蛭ヶ岳は丹沢主稜の出発点で、そこに到着したのは8時。富士山の展望が素晴らしい。撮影を終えた後に、頂上傍らの掲示板を見ると“ここから先は危険個所が多いので、十分用心して行って下さい”とか“冬期には滑落の事故も起こっています。厳重注意”なる旨が書かれていた。昨夜、甥が語った「雨だったら引き返しましょう」の言葉の重みを理解した。かつてここを縦走したはずの私だが、丹沢でこんな危険な稜線を歩いたという記憶が蘇らないのだ。自らの記憶力の弱さを呪いながらも、気合を入れて出発した。(写真:縦走路から見る富士)
(蛭ヶ岳山頂)
標高300mほど下って200m上る。200mほど下って150m上る。これを数回繰り返す。途中にはガレタ細尾根が待っている。鎖場もあれば階段や梯子もある。40代の若者の息も上がる尾根歩きだ。ただ平地に佇む一瞬には、富士山の姿が神々しく聳えて見える。楽しさと苦しさが交互に味わえる稜線歩き。
丹沢山までの賑わいが嘘のような静かな山旅。すれ違うのは殆どが単独行の登山者。グループとは2パーティーと出会っただけだった。雨と予報された山行が晴れて、富士山を堪能しながらの山歩き故か、交わされる挨拶は元気で底抜けに明るい。 蛭ヶ岳スタートが8時20分で、檜洞丸到着が13時。コースタイムをかなりオーバーしていたが、慎重に、ゆっくりと歩いた結果だから納得がいく。ここの山頂には多くの登山者が憩っていた。富士の見晴しだけでなく、ブナ林が有名で、つつじの名所としても人気が高い。ここで遅い昼食を摂った。

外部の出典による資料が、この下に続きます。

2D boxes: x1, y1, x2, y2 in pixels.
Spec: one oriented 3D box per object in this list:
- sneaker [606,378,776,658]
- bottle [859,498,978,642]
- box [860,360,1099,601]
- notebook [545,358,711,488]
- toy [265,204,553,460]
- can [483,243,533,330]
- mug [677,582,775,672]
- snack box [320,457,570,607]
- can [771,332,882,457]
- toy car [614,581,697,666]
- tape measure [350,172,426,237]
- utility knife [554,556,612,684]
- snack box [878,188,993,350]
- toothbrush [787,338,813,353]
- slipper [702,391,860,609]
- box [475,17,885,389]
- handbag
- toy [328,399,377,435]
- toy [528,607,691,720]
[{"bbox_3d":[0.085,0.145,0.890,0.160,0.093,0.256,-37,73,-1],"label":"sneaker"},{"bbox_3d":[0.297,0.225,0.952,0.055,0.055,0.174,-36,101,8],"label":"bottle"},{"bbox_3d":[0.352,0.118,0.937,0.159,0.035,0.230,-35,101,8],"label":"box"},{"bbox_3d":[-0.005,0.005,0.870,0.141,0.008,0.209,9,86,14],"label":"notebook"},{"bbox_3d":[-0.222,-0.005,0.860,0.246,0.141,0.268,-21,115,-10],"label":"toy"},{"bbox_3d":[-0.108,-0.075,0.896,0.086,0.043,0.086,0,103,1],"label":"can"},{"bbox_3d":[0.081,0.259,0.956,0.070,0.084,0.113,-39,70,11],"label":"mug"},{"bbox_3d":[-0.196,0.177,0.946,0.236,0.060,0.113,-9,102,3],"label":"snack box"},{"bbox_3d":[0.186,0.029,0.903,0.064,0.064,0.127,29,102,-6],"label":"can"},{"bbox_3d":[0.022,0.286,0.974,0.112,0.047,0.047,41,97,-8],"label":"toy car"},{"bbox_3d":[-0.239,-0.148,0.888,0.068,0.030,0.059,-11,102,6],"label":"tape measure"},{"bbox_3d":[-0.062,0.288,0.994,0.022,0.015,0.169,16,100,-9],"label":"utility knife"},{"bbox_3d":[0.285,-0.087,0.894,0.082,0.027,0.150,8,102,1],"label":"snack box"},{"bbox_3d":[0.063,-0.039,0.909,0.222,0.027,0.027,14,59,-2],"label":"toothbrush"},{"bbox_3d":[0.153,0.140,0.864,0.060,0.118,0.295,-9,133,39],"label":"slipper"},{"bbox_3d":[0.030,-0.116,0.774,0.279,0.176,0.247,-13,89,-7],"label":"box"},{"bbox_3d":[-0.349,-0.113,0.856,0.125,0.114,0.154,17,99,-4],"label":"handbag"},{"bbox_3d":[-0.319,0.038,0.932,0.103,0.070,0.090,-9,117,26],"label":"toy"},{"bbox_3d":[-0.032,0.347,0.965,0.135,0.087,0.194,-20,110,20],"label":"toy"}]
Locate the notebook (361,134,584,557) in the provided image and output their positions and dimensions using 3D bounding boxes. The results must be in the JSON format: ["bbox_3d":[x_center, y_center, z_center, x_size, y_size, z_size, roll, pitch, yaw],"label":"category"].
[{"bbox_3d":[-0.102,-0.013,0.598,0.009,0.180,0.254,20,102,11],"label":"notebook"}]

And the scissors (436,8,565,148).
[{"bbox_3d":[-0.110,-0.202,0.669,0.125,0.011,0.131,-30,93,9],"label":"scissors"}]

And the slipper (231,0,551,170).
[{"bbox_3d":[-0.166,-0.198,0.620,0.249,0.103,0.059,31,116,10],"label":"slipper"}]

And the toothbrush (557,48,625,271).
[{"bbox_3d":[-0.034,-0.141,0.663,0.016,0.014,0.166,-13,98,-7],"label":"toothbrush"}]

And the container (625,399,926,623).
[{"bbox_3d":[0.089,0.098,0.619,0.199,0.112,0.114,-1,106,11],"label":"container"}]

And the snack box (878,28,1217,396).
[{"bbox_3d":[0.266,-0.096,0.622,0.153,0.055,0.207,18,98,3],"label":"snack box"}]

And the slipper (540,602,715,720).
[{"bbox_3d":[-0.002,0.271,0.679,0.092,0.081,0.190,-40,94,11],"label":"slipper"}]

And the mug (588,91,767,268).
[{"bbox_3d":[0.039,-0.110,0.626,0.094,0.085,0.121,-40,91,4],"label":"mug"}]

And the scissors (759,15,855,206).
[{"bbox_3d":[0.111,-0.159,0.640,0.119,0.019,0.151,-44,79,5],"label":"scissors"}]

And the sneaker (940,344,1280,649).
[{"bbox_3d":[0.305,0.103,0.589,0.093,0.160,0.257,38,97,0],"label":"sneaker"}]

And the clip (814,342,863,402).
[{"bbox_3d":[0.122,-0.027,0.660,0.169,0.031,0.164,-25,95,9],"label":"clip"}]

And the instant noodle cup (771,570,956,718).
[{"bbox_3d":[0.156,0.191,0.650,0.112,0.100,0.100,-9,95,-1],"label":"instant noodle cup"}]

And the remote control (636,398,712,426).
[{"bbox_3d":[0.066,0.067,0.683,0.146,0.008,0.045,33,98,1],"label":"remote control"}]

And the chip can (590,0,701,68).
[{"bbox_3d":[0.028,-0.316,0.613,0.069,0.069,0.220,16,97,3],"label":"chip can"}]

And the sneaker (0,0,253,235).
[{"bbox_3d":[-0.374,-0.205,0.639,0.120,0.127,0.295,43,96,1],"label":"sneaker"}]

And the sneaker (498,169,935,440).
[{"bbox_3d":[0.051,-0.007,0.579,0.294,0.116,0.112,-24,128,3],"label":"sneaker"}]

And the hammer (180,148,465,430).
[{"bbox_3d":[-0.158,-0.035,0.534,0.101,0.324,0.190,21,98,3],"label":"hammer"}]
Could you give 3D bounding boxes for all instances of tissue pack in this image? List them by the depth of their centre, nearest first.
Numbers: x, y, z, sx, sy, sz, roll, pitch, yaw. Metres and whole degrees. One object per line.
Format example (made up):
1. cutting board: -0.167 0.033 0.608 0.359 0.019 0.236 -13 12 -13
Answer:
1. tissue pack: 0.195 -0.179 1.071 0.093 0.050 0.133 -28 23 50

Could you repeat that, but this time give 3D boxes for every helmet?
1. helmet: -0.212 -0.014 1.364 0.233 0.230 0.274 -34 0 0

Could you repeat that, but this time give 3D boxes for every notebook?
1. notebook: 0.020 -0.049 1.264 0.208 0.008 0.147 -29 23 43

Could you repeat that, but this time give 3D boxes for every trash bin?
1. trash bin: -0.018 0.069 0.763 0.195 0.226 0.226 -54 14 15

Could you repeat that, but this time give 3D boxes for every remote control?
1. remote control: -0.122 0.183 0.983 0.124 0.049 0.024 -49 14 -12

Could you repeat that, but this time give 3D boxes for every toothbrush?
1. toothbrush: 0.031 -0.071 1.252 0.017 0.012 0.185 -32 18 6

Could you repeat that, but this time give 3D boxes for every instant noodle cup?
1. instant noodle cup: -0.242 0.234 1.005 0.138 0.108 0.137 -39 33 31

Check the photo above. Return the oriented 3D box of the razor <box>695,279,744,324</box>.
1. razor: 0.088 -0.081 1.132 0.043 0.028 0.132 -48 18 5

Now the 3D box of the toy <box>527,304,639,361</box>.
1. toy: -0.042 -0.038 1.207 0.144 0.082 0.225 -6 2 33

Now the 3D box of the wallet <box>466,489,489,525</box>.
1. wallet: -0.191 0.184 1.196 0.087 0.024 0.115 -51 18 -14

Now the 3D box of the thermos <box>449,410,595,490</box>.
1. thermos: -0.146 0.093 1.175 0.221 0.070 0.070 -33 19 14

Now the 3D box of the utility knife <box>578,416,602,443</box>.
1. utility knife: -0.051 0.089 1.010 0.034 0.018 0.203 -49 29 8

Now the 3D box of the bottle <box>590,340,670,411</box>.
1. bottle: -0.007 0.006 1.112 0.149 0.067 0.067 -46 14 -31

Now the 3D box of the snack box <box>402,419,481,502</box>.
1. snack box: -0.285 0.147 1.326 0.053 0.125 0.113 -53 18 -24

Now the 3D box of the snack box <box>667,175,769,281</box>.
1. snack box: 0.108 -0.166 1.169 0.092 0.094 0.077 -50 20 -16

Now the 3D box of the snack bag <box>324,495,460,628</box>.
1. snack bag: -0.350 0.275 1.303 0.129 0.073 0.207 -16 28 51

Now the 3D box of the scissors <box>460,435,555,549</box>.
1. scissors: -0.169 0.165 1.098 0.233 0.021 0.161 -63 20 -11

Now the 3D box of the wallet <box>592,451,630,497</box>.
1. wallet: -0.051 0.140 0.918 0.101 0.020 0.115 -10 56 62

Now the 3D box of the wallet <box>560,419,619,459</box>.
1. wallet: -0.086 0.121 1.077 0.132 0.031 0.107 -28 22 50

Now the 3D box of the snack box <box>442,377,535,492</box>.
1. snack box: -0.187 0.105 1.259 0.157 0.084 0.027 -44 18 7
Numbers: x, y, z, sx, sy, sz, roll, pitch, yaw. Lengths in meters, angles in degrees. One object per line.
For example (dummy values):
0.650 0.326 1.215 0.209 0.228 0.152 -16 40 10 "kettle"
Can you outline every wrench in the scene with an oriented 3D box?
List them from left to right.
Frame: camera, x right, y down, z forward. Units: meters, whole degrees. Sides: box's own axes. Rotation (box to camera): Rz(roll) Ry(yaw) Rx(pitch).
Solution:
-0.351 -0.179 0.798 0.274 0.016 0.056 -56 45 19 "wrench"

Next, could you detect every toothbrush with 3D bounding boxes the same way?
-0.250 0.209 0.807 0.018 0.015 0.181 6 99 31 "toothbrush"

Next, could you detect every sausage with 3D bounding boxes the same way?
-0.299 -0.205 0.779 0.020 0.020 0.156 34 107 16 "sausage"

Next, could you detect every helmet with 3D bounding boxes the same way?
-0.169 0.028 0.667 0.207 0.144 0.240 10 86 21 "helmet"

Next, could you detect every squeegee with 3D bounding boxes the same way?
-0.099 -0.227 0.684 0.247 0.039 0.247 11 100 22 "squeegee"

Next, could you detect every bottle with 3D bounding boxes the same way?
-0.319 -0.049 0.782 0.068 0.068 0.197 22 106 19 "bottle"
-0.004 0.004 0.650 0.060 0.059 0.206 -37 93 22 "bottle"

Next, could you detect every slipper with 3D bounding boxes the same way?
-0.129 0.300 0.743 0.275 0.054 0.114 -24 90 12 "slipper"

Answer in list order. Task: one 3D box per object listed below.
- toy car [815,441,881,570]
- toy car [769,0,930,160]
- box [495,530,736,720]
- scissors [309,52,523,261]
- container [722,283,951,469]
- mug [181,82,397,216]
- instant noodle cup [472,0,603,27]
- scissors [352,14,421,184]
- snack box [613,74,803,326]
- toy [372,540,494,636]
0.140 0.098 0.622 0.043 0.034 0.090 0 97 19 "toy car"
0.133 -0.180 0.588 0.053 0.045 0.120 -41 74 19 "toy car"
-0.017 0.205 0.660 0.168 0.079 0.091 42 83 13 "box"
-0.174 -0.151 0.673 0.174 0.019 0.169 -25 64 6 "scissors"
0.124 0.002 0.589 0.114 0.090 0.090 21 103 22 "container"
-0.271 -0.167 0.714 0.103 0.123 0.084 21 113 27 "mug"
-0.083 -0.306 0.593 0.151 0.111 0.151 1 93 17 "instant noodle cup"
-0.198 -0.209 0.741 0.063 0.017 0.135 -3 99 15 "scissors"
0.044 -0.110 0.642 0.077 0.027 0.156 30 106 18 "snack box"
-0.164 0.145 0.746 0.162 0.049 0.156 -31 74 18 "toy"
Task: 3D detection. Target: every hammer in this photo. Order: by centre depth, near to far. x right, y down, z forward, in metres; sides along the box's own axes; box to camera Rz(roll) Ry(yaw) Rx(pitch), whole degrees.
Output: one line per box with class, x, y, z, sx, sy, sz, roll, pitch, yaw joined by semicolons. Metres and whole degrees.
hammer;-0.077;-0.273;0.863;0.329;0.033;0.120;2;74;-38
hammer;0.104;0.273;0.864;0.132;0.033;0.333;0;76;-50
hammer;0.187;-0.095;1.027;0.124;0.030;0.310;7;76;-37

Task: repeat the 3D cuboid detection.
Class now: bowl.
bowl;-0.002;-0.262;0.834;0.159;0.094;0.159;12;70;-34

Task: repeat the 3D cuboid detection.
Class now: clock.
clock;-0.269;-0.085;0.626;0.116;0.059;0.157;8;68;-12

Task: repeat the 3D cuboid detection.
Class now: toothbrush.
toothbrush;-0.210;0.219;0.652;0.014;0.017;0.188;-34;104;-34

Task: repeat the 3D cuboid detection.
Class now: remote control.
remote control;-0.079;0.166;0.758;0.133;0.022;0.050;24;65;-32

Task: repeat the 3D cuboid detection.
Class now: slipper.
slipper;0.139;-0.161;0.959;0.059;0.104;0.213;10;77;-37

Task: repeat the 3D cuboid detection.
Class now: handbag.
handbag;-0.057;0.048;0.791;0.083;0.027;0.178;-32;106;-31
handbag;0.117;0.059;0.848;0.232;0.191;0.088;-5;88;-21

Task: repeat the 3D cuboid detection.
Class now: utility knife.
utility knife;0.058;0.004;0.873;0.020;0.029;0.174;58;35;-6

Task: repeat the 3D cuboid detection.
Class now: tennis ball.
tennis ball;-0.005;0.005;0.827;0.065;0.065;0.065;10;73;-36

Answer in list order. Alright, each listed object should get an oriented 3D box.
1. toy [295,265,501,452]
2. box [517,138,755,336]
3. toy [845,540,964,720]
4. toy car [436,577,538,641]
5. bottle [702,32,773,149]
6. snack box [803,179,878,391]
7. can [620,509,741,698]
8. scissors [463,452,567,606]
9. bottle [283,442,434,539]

あとは一気呵成に西丹沢へ下ったと言いたいところだが、足が思うように動かず苦戦を強いられた。なんとか16時25分発の新松田行きバスに間に合った。車中で照ノ富士優勝を知る。(写真:檜洞丸頂上)
丹沢山は神奈川県にある唯一の百名山。県は本腰を入れて登山道整備に取り組んでいる痕跡が多々見られた。梯子や木階段の導入や、崩落部分の補修等々。
(ブナの新緑が美しかった)
帰宅して、記憶を整理し直した。大倉尾根から犬越路まで歩いたと思い込んでいたが、実は蛭ヶ岳⇔檜洞丸間は歩いた事が無かった。思い出せない訳である。私の記憶違いから、図らずも今夏最初の山行に、中の上クラスへと仲間を誘ってしまった。猛省。(2日間に歩いた距離は合計24Kmだった。)
ただ若者が「今回の山行で、今までには見ることの無かった丹沢景色に出会えた」と語っていたのが嬉しかった。